Sean Spicer says Obama administration was responsible for Michael Flynn’s vetting

White House press secretary Sean Spicer attempted Thursday to shift blame to the Obama administration for its role in vetting retired Lt. Gen. Michael Flynn, the national security adviser dismissed by President Trump.

Spicer argued that the Trump transition team didn’t vet Flynn’s appointment because he already held a security clearance at the time.

“My only point is that when Gen. Flynn came into the White House, he had an active security clearance that was issued during the Obama administration with all the information that’s being discussed that occurred in 2015,” Spicer said at the daily press briefing.

“I think the president made the right decision at the right time, and he continues to stand by that,” Spicer said of Trump’s decision to request Flynn’s resignation. However, at the time, Trump appeared sympathetic, saying Flynn was the victim of a “witch hunt” and defending his reported request for immunity to testify before Congress.

Flynn resigned in February after it was revealed that he discussed lifting U.S. sanctions on Russia with the Russian ambassador and then mischaracterized their conversations to Vice President Mike Pence. Flynn was also paid hundreds of thousands by foreign governments for consulting work; he filed documents in March indicating he worked as a foreign agent on behalf of Turkey’s interests last year.

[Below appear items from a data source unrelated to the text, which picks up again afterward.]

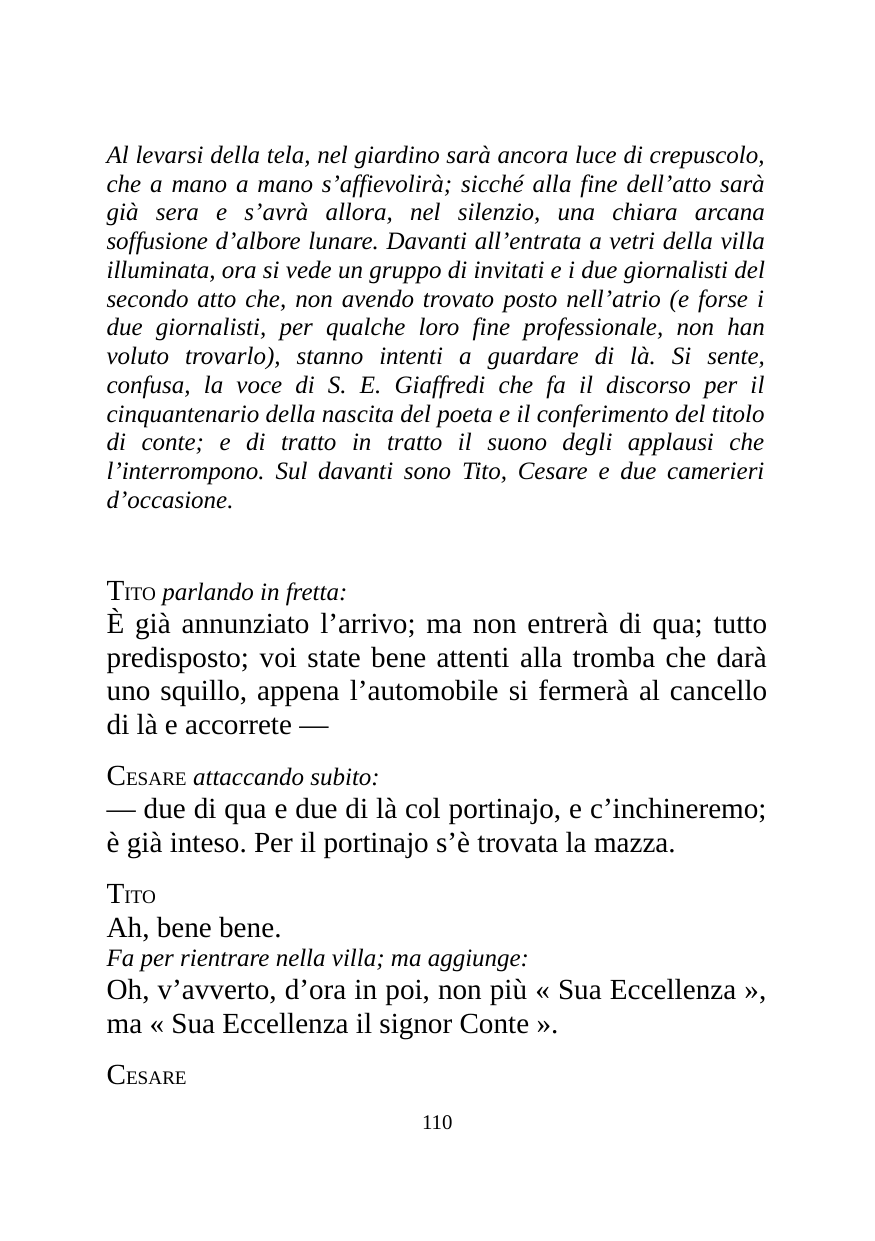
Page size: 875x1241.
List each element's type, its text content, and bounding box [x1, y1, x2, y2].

text Tito [106, 876, 768, 910]
text Al levarsi della tela, nel giardino sarà ancora luce di crepuscolo, che a mano a mano s’affievolirà; sicché alla fine dell’atto sarà già sera e s’avrà allora, nel silenzio, una chiara arcana soffusione d’albore lunare. Davanti all’entrata a vetri della villa illuminata, ora si vede un gruppo di invitati e i due giornalisti del secondo atto che, non avendo trovato posto nell’atrio (e forse i due giornalisti, per qualche loro fine professionale, non han voluto trovarlo), stanno intenti a guardare di là. Si sente, confusa, la voce di S. E. Giaffredi che fa il discorso per il cinquantenario della nascita del poeta e il conferimento del titolo di conte; e di tratto in tratto il suono degli applausi che l’interrompono. Sul davanti sono Tito, Cesare e due camerieri d’occasione. [106, 140, 768, 514]
text Fa per rientrare nella villa; ma aggiunge: [106, 943, 768, 972]
text È già annunziato l’arrivo; ma non entrerà di qua; tutto predisposto; voi state bene attenti alla tromba che darà uno squillo, appena l’automobile si fermerà al cancello di là e accorrete — [106, 606, 768, 740]
text Oh, v’avverto, d’ora in poi, non più « Sua Eccellenza », ma « Sua Eccellenza il signor Conte ». [106, 972, 768, 1039]
text — due di qua e due di là col portinajo, e c’inchineremo; è già inteso. Per il portinajo s’è trovata la mazza. [106, 792, 768, 859]
text Cesare [106, 1057, 768, 1091]
text Tito parlando in fretta: [106, 573, 768, 606]
text Cesare attaccando subito: [106, 758, 768, 792]
text Ah, bene bene. [106, 910, 768, 943]
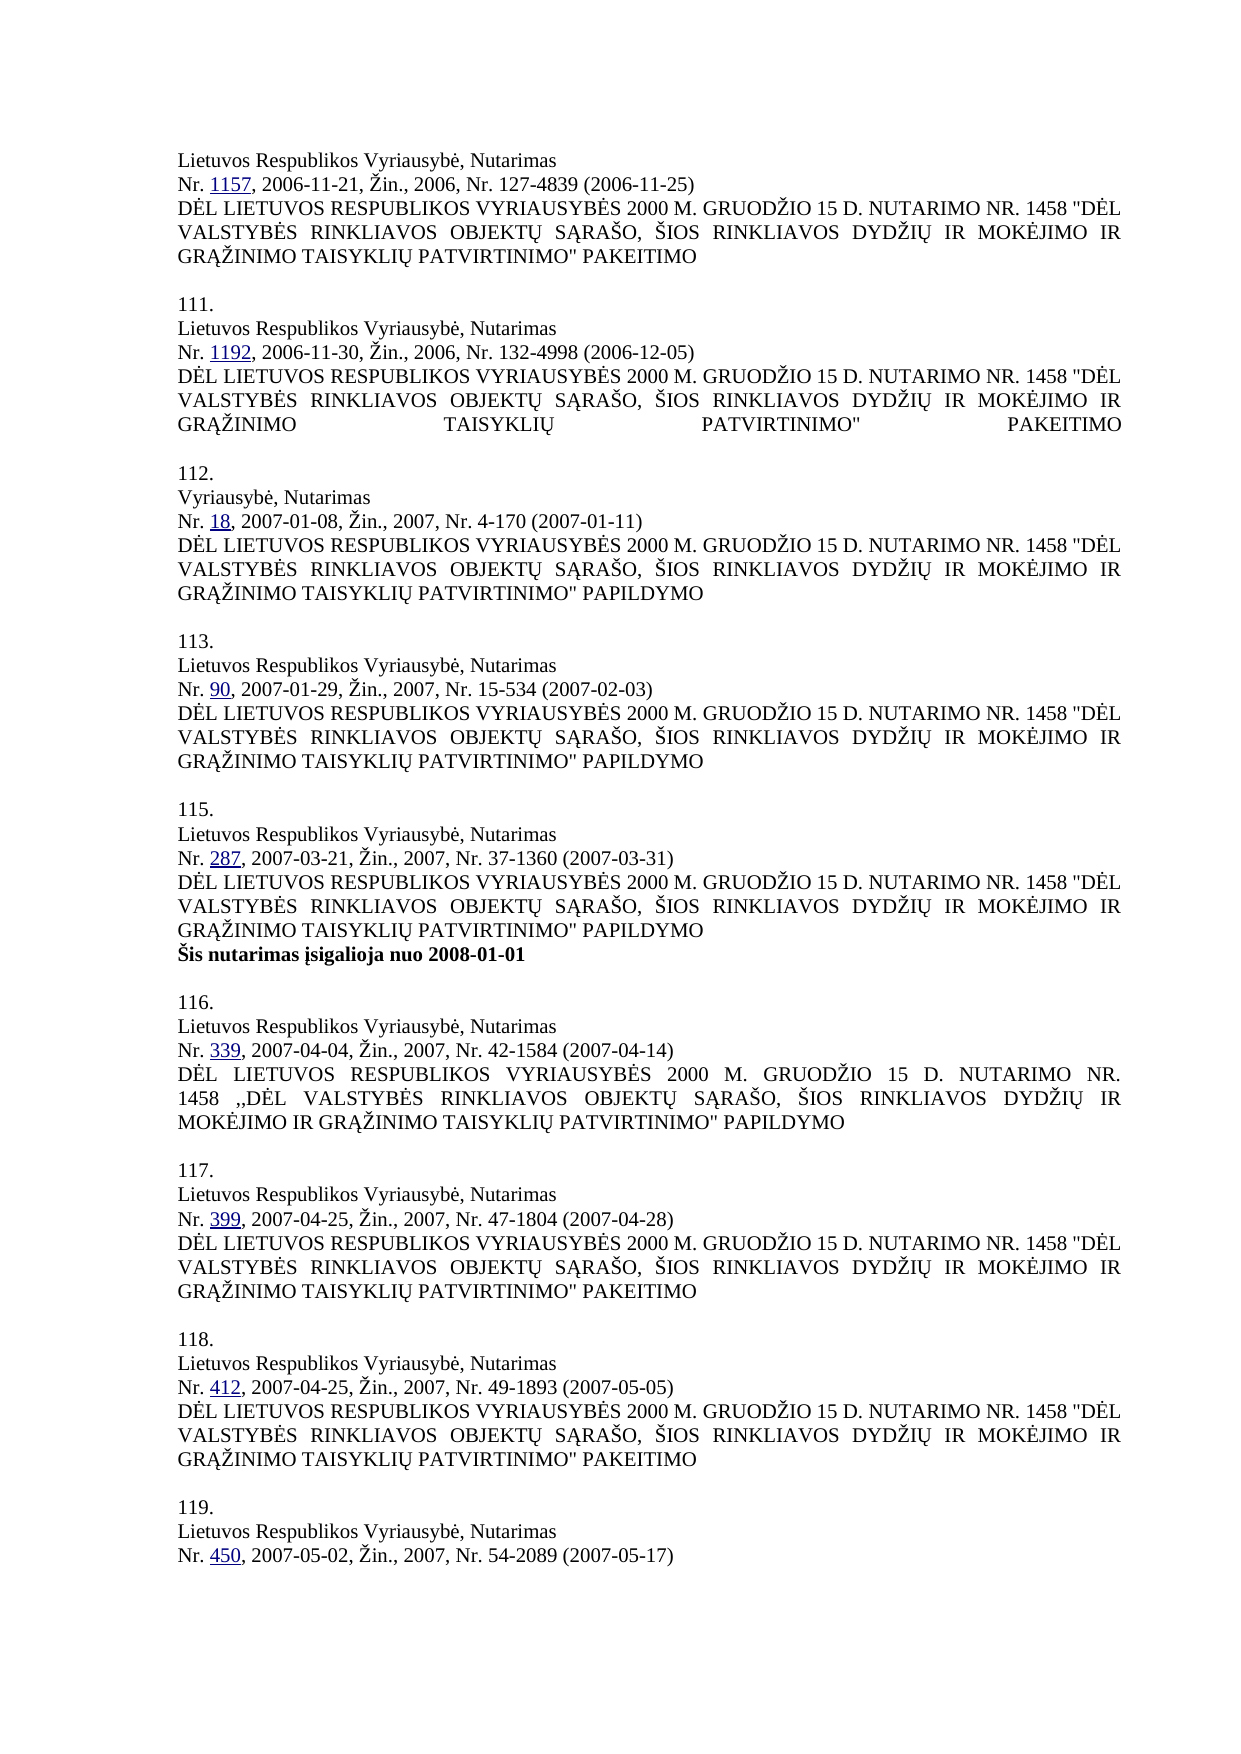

Flynn, who also clashed with the Obama administration, served as director of the Defense Intelligence Agency before being forced out in 2014.

He went on to advise the Trump campaign, but was dogged by various controversies, including his decision to accept money from the Kremlin-funded RT network for a talk in Moscow in December 2015. Flynn told Yahoo News during last summer’s Republican National Convention about the payment, but that did not stop Trump from appointing him national security adviser.

Asked directly if Flynn was sufficiently vetted by the transition team, Spicer again shifted blame by raising his security clearance under the Obama administration.

“Well, with respect, you’re saying, ‘our process,’” Spicer began. “The process is, every government employee who’s eligible for a clearance goes through the same process. So, it’s not — we don’t have a unique process.”

Spicer declined to say whether the administration regretted Flynn’s appointment, repeating his earlier statement that Trump “made the right decision at the right time,” regarding Flynn’s eventual ouster less than a month after inauguration.